» Work instruction
Set down all of the data that follows word for word, without the images.

Saved data entries:
++++++++

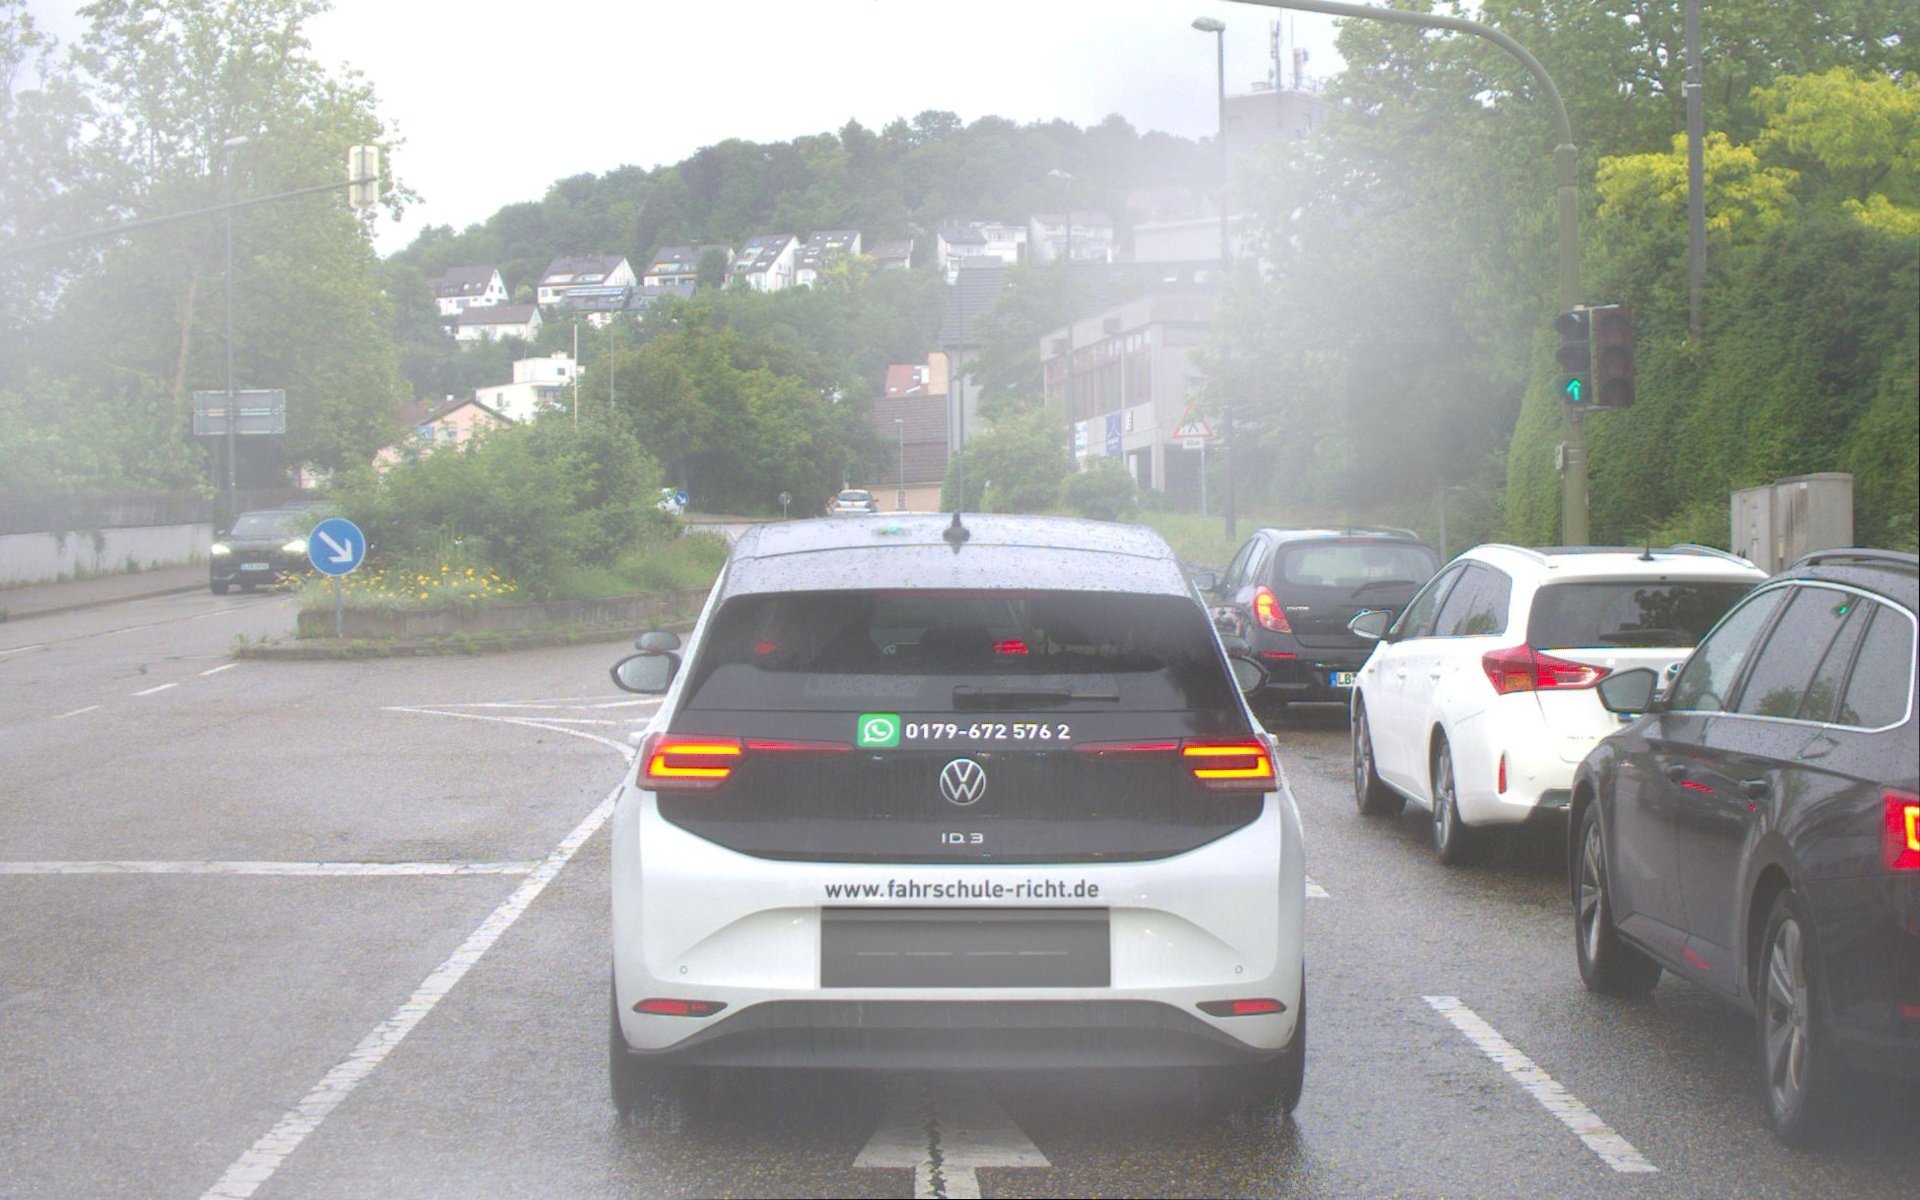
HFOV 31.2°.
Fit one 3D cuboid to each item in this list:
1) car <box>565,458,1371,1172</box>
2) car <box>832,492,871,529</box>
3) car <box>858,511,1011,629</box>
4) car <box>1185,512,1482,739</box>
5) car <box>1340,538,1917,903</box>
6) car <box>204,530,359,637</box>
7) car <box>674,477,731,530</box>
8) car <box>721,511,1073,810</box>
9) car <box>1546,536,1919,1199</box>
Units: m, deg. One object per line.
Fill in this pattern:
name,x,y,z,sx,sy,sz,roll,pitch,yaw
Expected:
car,-0.030,0.446,10.292,1.837,1.623,4.616,1,1,-1
car,-4.519,-3.727,144.046,1.581,1.462,4.000,-1,1,-1
car,-0.352,-0.415,43.702,1.837,1.395,3.831,1,1,-1
car,2.770,0.154,26.287,1.775,1.576,4.000,1,1,0
car,3.020,0.467,16.408,1.837,1.461,4.117,1,1,-1
car,-12.403,-0.323,63.095,1.993,1.798,4.000,-3,1,0
car,-10.485,-3.928,140.180,1.993,2.007,4.000,1,0,0
car,-0.378,0.272,20.369,1.837,1.549,4.175,1,1,-1
car,2.897,0.587,9.499,1.838,1.461,4.350,1,1,1
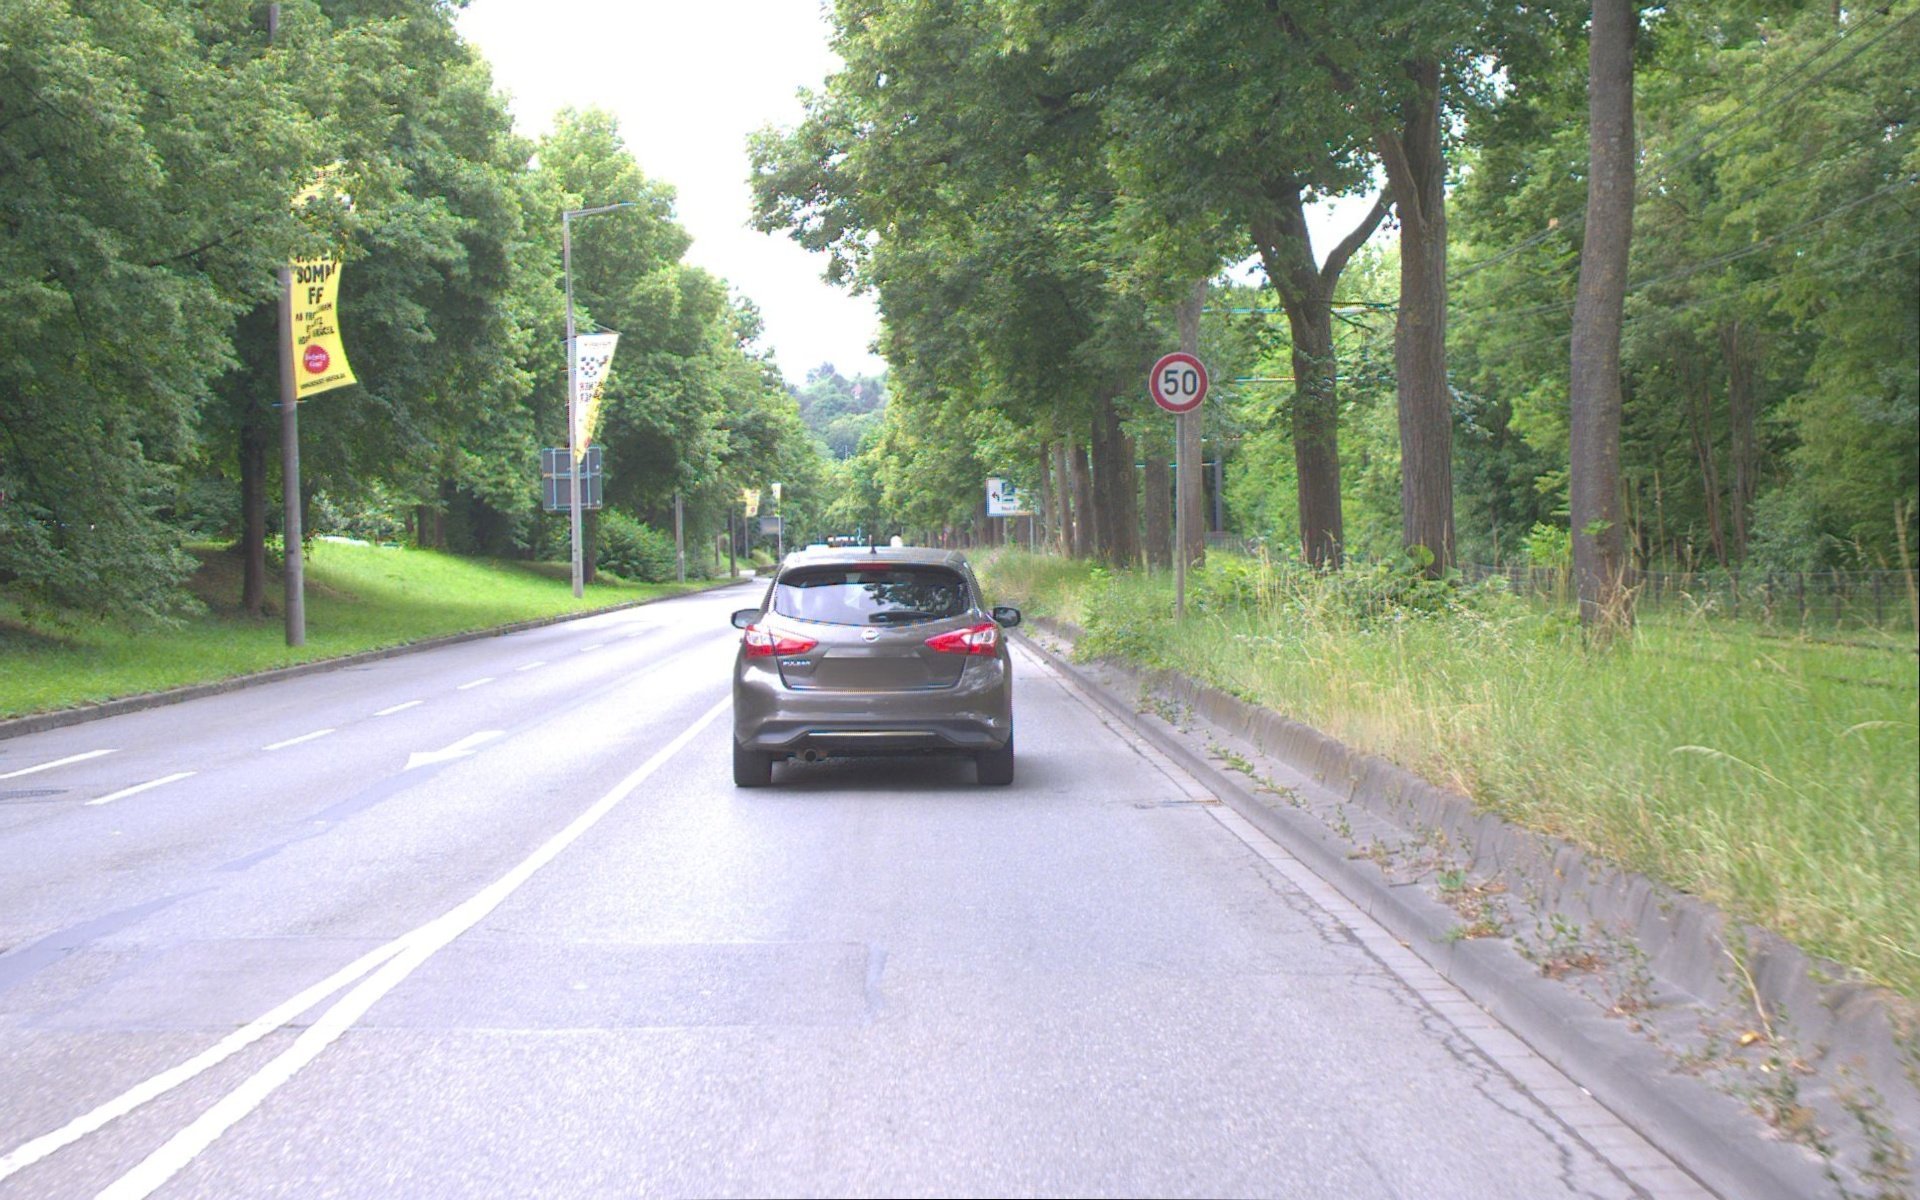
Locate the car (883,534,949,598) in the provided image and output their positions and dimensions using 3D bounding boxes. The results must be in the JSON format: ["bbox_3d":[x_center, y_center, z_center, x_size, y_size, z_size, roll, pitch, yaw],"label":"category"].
[{"bbox_3d":[-1.069,-0.847,84.438,1.503,1.523,3.671,0,1,1],"label":"car"}]

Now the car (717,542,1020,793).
[{"bbox_3d":[-0.527,0.383,22.879,1.837,1.523,3.929,0,1,1],"label":"car"}]

++++++++

» Task response
HFOV 31.2°.
Fit one 3D cuboid to each item in this list:
1) car <box>565,458,1371,1172</box>
2) car <box>832,492,871,529</box>
3) car <box>858,511,1011,629</box>
4) car <box>1185,512,1482,739</box>
5) car <box>1340,538,1917,903</box>
6) car <box>204,530,359,637</box>
7) car <box>674,477,731,530</box>
8) car <box>721,511,1073,810</box>
9) car <box>1546,536,1919,1199</box>
Units: m, deg. One object per line.
Fill in this pattern:
name,x,y,z,sx,sy,sz,roll,pitch,yaw
Expected:
car,-0.030,0.446,10.292,1.837,1.623,4.616,1,1,-1
car,-4.519,-3.727,144.046,1.581,1.462,4.000,-1,1,-1
car,-0.352,-0.415,43.702,1.837,1.395,3.831,1,1,-1
car,2.770,0.154,26.287,1.775,1.576,4.000,1,1,0
car,3.020,0.467,16.408,1.837,1.461,4.117,1,1,-1
car,-12.403,-0.323,63.095,1.993,1.798,4.000,-3,1,0
car,-10.485,-3.928,140.180,1.993,2.007,4.000,1,0,0
car,-0.378,0.272,20.369,1.837,1.549,4.175,1,1,-1
car,2.897,0.587,9.499,1.838,1.461,4.350,1,1,1
Locate the car (883,534,949,598) in the provided image and output their positions and dimensions using 3D bounding boxes. The results must be in the JSON format: ["bbox_3d":[x_center, y_center, z_center, x_size, y_size, z_size, roll, pitch, yaw],"label":"category"].
[{"bbox_3d":[-1.069,-0.847,84.438,1.503,1.523,3.671,0,1,1],"label":"car"}]

Now the car (717,542,1020,793).
[{"bbox_3d":[-0.527,0.383,22.879,1.837,1.523,3.929,0,1,1],"label":"car"}]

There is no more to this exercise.